** Opening Records for the exercise block **

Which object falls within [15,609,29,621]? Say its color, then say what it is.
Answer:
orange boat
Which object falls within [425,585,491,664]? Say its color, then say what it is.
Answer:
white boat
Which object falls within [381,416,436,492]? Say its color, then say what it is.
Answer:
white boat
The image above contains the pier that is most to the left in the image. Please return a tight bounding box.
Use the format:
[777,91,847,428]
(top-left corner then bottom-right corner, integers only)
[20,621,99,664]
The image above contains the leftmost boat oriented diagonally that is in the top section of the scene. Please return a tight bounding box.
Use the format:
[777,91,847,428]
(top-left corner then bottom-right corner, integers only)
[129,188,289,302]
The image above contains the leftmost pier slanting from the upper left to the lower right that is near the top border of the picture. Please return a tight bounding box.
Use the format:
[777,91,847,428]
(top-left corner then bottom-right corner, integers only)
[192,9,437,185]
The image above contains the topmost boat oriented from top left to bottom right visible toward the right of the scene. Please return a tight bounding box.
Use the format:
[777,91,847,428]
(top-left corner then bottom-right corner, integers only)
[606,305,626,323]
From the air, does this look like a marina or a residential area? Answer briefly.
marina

** Closing Records for the exercise block **
** Opening Records for the exercise block **

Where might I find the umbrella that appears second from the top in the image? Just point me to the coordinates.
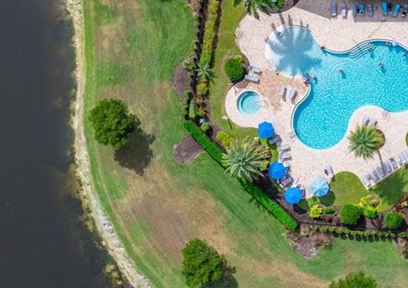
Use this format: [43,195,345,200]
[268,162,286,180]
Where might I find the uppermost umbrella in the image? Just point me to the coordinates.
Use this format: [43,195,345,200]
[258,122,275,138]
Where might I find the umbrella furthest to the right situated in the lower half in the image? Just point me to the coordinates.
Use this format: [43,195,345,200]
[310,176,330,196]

** Closing Records for the exercise block **
** Opening Records for the exercise block **

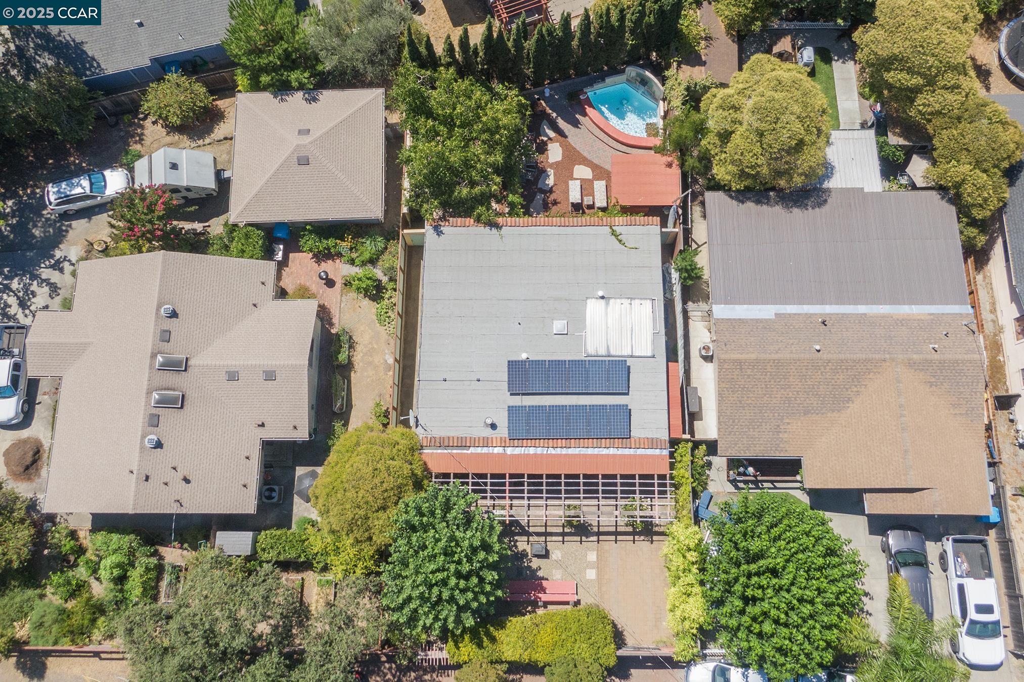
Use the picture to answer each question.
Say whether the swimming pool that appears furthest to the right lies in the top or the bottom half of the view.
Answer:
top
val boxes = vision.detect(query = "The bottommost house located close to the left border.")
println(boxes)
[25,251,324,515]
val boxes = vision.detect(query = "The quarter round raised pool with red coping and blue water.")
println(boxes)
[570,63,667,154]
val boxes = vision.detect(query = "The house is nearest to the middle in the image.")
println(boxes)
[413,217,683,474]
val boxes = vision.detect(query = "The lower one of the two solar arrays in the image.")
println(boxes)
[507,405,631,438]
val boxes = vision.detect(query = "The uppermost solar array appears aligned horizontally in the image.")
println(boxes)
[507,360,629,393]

** Closing Records for the exercise block **

Return the number of lines containing the word "half" in these records, with no additional output.

Written response: 2